When the Vancouver Canucks walk out of Air Canada Centre with two points, they are just doing what they should do: kicking a bad team when it’s down. The Toronto Maple Leafs started the year 4-0, but have foundered since. With the Canucks taking tonight’s game 5-3, the Leafs have now lost eight straight games, and have scored just six goals in their last four losses. Vancouver should win this game going away, and have now done so in five straight visits to the ACC.

A problem for Vancouver seems to be letting poor teams stick around in games long enough to make it close. The Canucks outshot the Leafs 26-16 through two periods, but took a tied game into both intermissions. The Leafs are 28th in the league in goals for, but managed three goals in the first two periods alone against Vancouver’s vaunted team defense/Roberto Luongo combination. Hell, the Leafs went up 2-0 in this game, and looked poised to rack up the score if not for the mighty Bobby Lou. Sure, Luongo looked soft on the first and third goals, but he was called upon to make several wonderful saves in close to keep the game close while the offense warmed up.

If it weren’t for a cheeky 80-foot slap shot from Mason Raymond that snuck through Jean-Sebastien Giguere’s pads, the Canucks might not have earned two points this night. Look at the photo for this blog post – the ad behind Mason Raymond says “CHEESE SNACKS”, which pretty much perfectly describes his winning goal. Watching Raymond wind up at the blue line, one thought, “Oh MayRay, you’ll never score from — oh, I guess you will.” This is the Leafs, after all. Giguere would have been ribbed by teammates for letting this unobstructed, undeflected waffler get by him in practice. Letting it in for a game winning goal, for the team’s eighth straight loss? He’ll be lucky if his mates talk to him at all.

If this sounds familiar, it’s with good reason. The Canucks let the Oilers climb back from a 3-0 deficit before Raffi Torres scored a lucky backhand GWG from the circles a few games ago. Just before Hallowe’en, Vancouver let Colorado outshoot them 31-13 over the final two periods, and squeaked out an overtime win they probably didn’t deserve. You may ask, “What’s the big deal?” You may say, “Good teams find ways to win.” And you’d be right – it’s a concern, however, when your Stanley Cup-contending team needs to grind out lucky wins over opponents who sit in 19th, 27th and 29th place in a 30-team league.

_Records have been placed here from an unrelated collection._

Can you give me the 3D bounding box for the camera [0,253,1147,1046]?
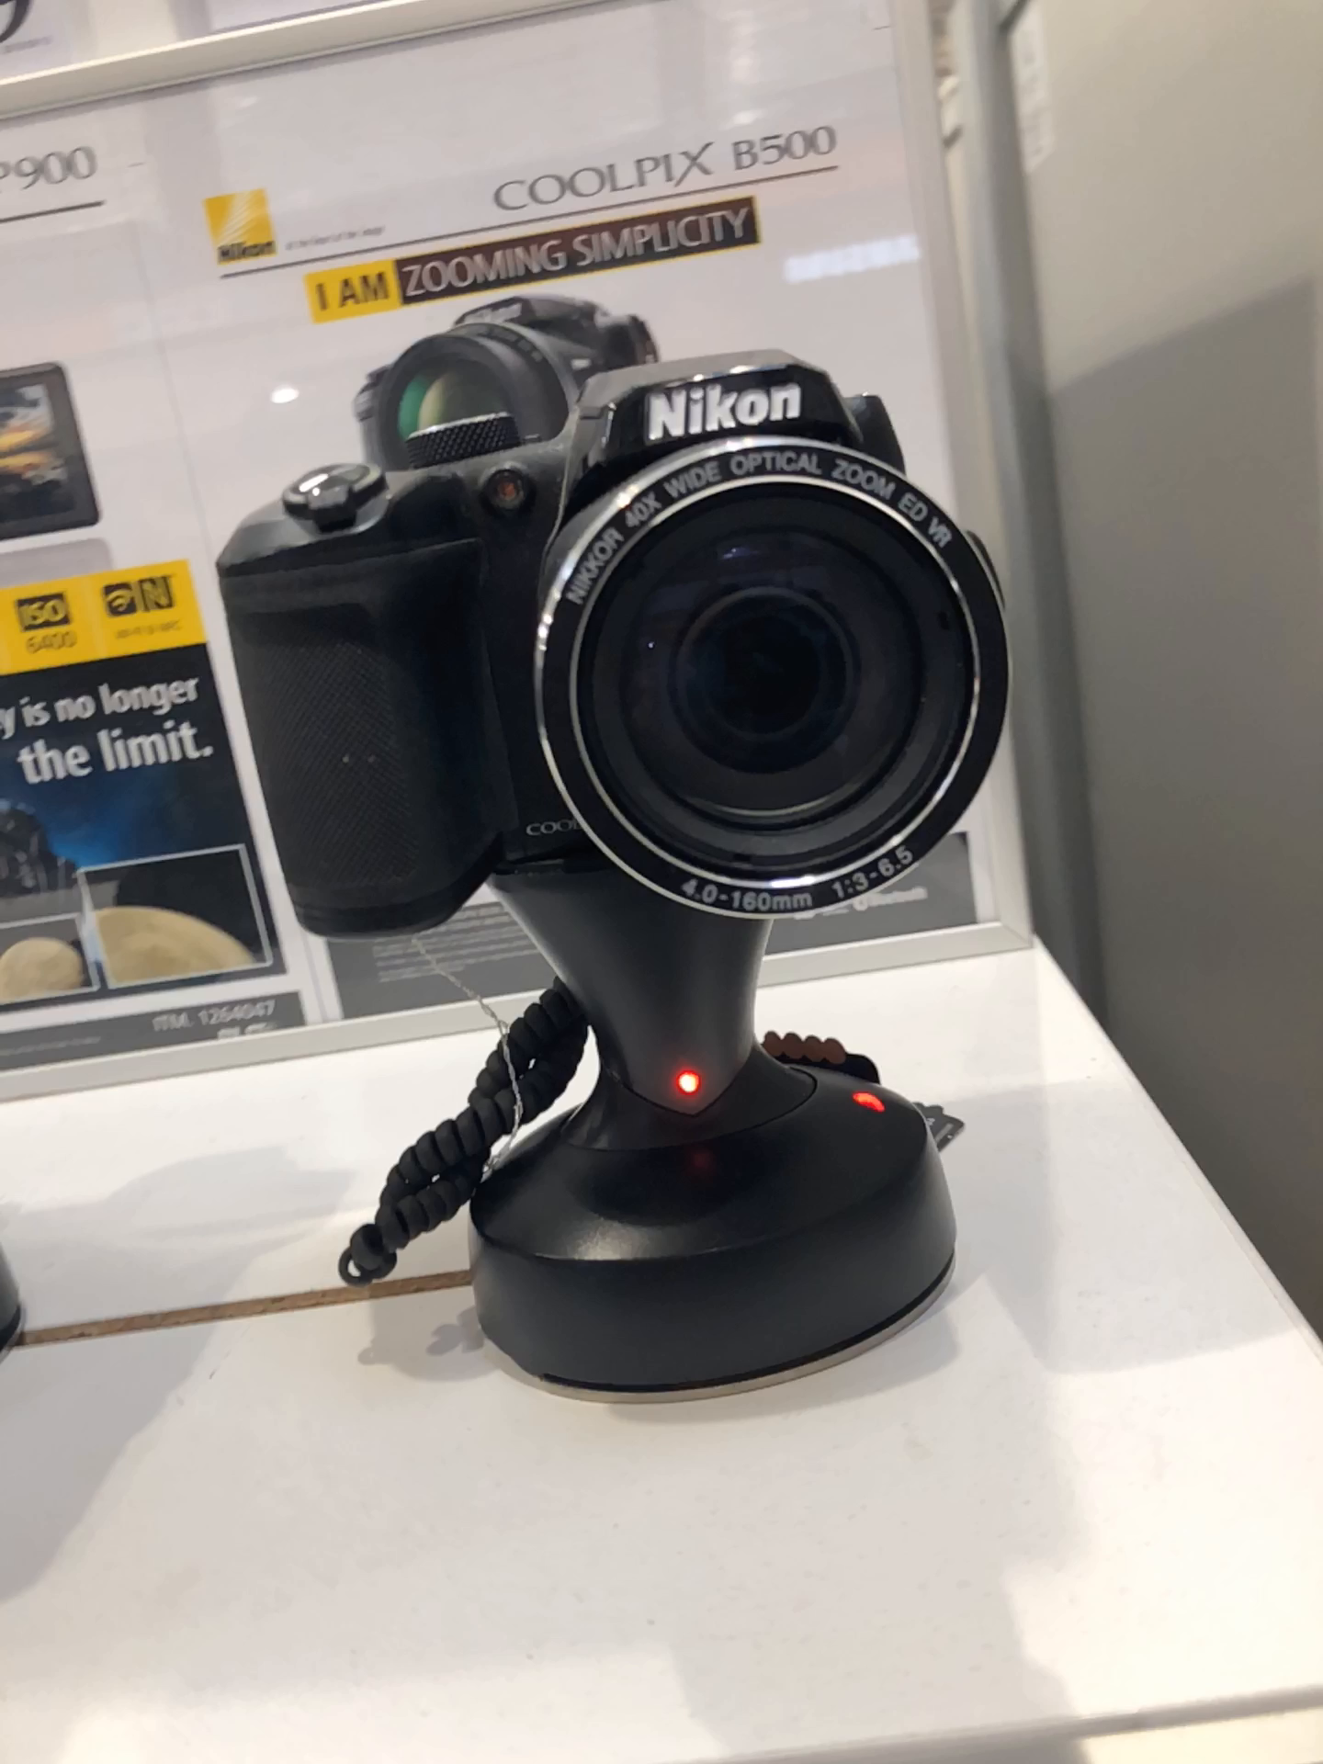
[{"bbox_3d":[-0.009,-0.037,0.215,0.120,0.070,0.100,-10,15,1],"label":"camera"}]
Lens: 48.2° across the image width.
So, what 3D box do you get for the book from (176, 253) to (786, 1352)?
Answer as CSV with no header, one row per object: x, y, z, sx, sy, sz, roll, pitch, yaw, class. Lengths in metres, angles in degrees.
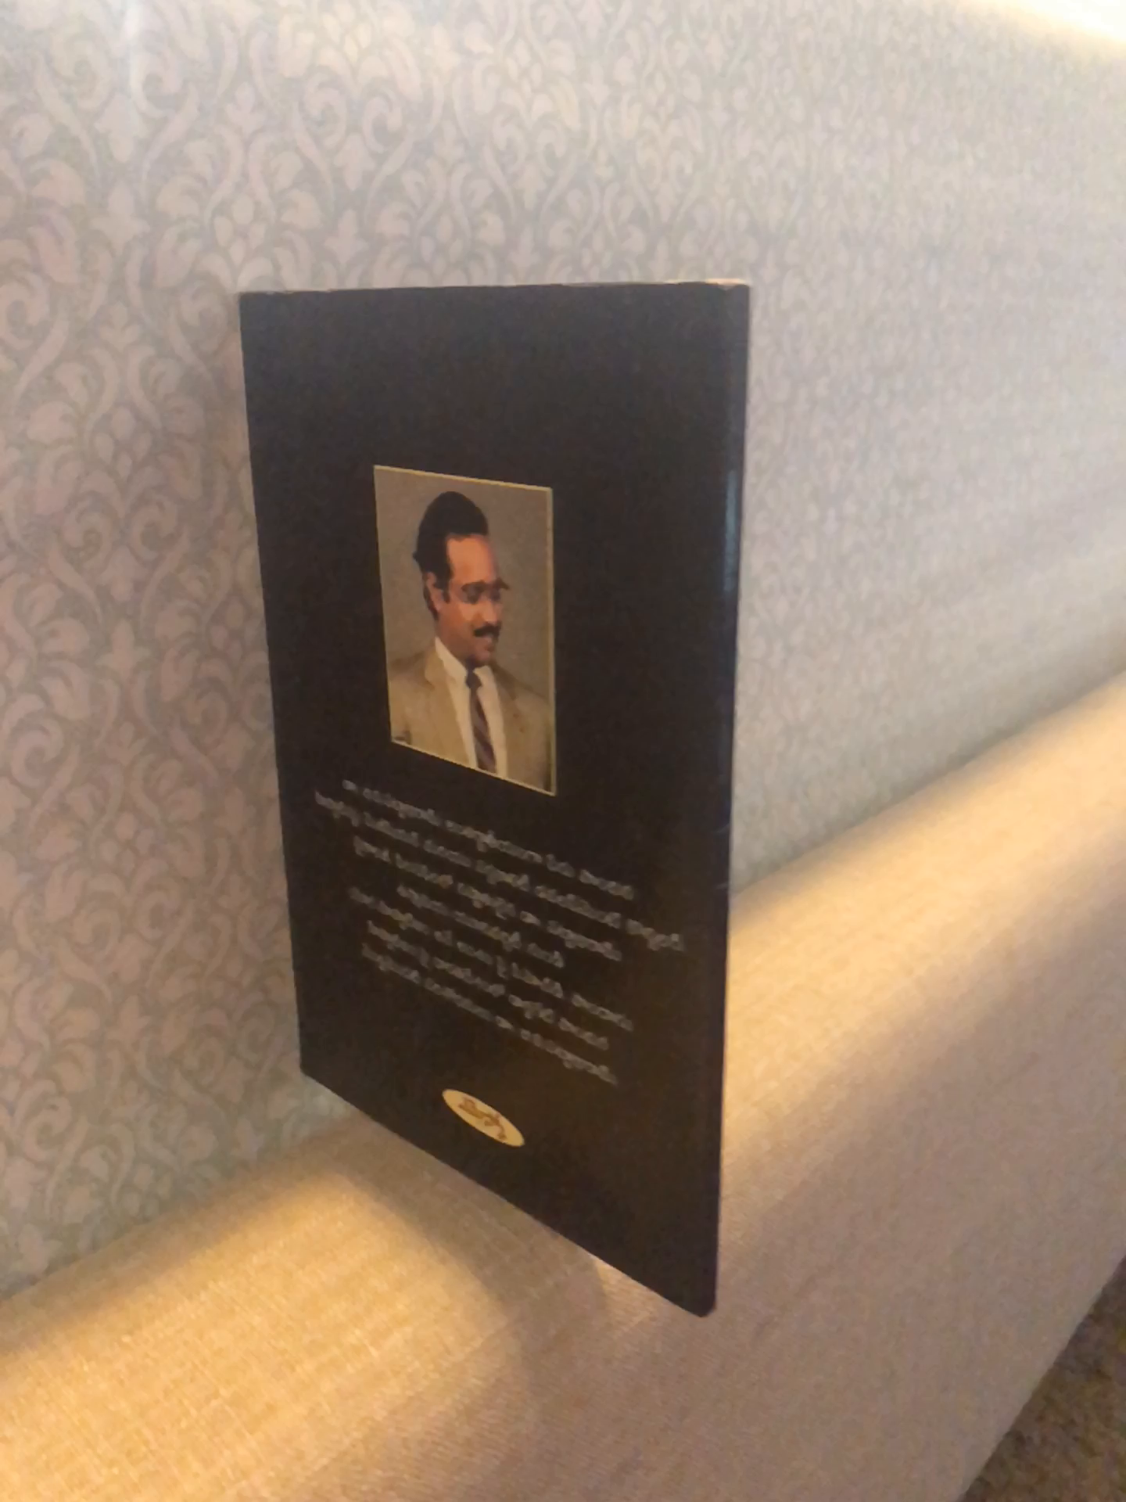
-0.019,0.006,0.232,0.127,0.175,0.011,13,23,39,book
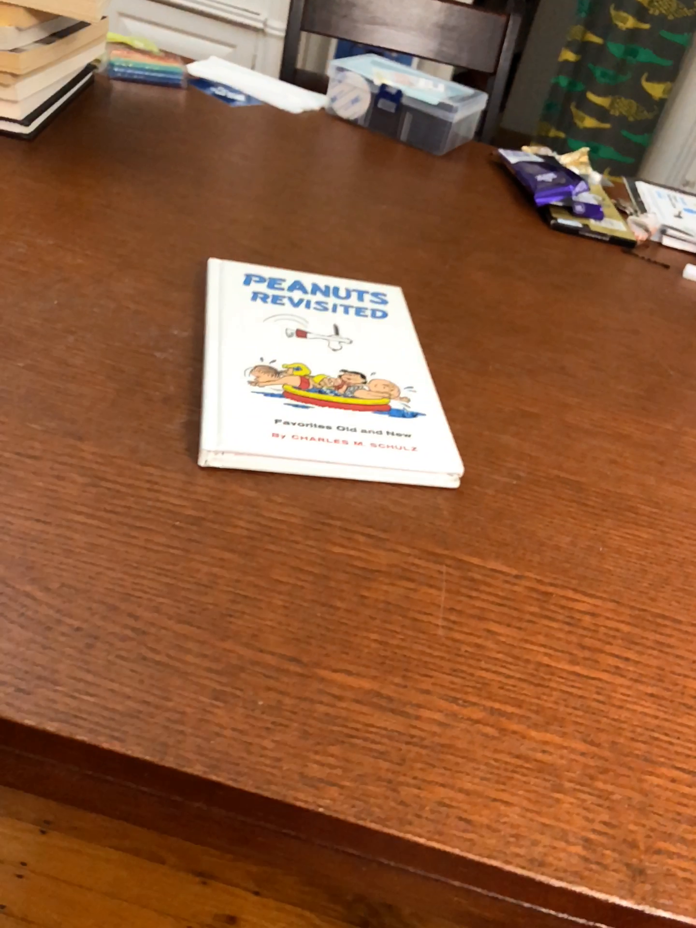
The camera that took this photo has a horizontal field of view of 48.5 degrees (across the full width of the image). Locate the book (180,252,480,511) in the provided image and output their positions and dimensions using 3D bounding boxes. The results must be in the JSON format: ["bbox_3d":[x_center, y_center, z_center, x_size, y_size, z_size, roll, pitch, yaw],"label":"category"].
[{"bbox_3d":[-0.020,-0.060,0.470,0.150,0.020,0.221,6,39,-13],"label":"book"}]
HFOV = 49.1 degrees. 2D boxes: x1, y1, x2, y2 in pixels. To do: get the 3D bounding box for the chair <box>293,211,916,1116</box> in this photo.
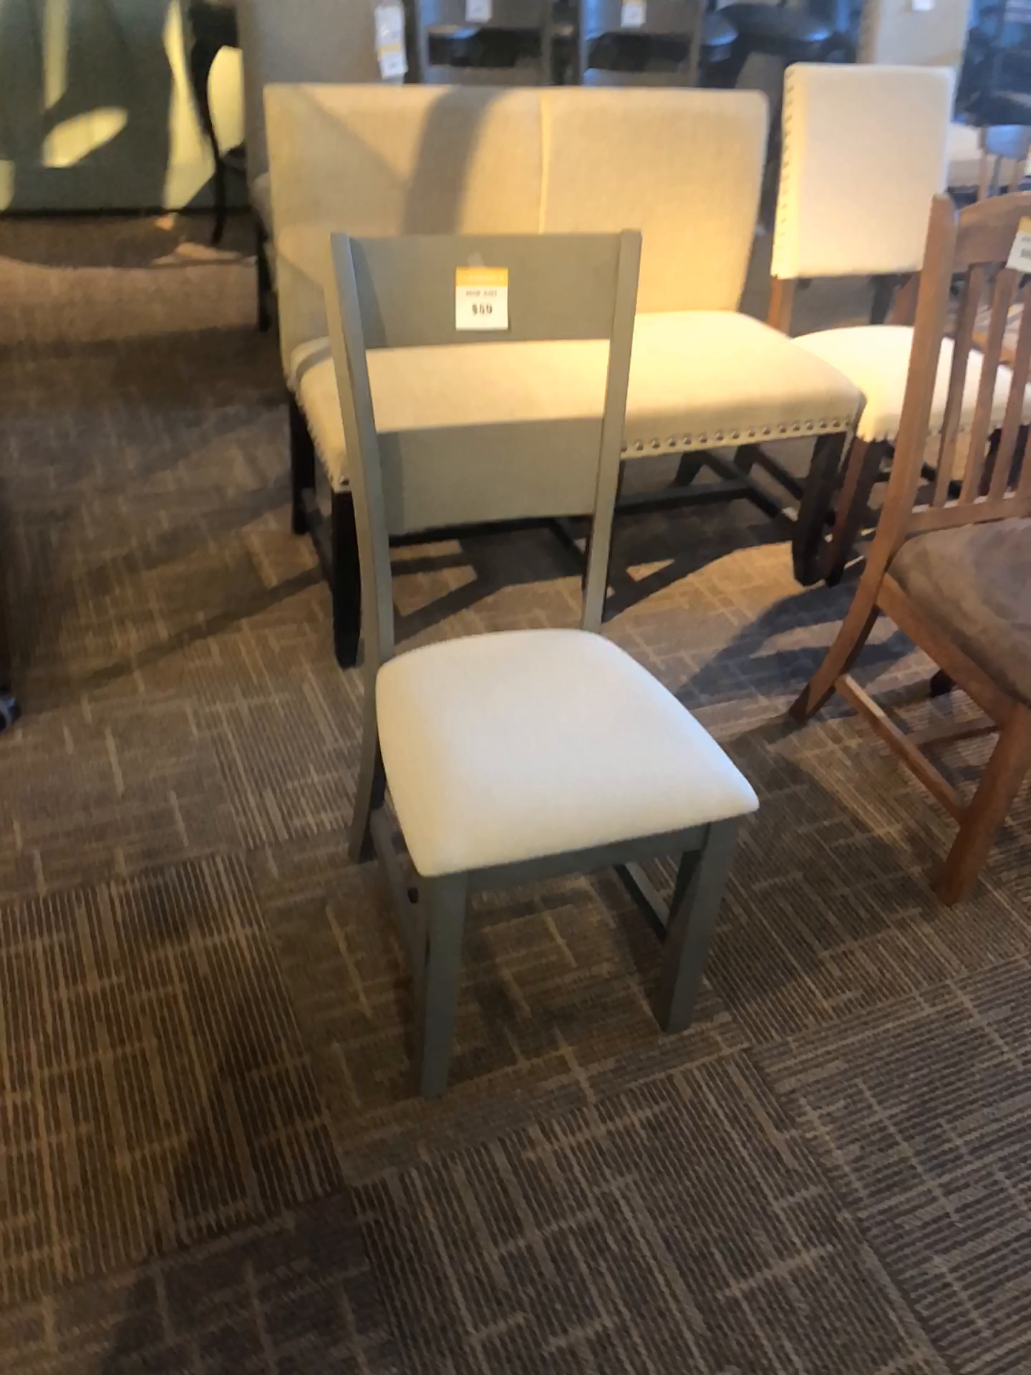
[{"bbox_3d":[0.005,-0.034,1.502,0.461,0.965,0.632,-8,40,-19],"label":"chair"}]
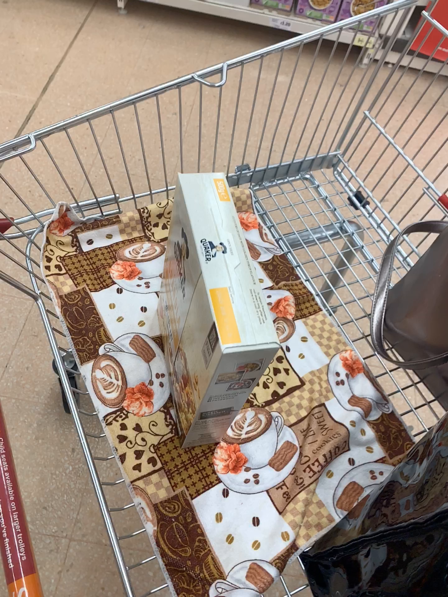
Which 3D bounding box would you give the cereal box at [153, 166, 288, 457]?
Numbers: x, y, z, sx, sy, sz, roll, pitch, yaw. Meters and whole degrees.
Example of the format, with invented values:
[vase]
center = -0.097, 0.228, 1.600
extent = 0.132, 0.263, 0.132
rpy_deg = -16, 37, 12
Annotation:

It’s hard to complain when your team is leading the Northwest, but the Canucks are in serious danger of thinking too much of themselves. The fact is, leading the Northwest is no mean feat. Colorado, Minnesota, Calgary and Edmonton all sit out of playoff contention at the moment, and probably still will come season’s end. Just as the Washington Capitals have blown away the Southeast Division for two years running only to be ousted in the playoffs by stiffer competition, the Canucks have played too many games against soft opponents, and more often than not have won those games in sloppy, skin-of-their-teeth fashion. No wonder the Blackhawks have won second round matchups against Vancouver – they have learned to play tough hockey with divisional games against Detroit, Phoenix and St Louis.

Ryan Kesler is the first to admit it. “We played sloppy hockey,” he told the Vancouver Sun, “but we got the two points and that’s all that matters.” Sadly, this team can’t afford to think that way any more. Not if they want to win a Cup. This team needs to harden themselves into a group of killers that won’t take barely beat the Leafs for an answer.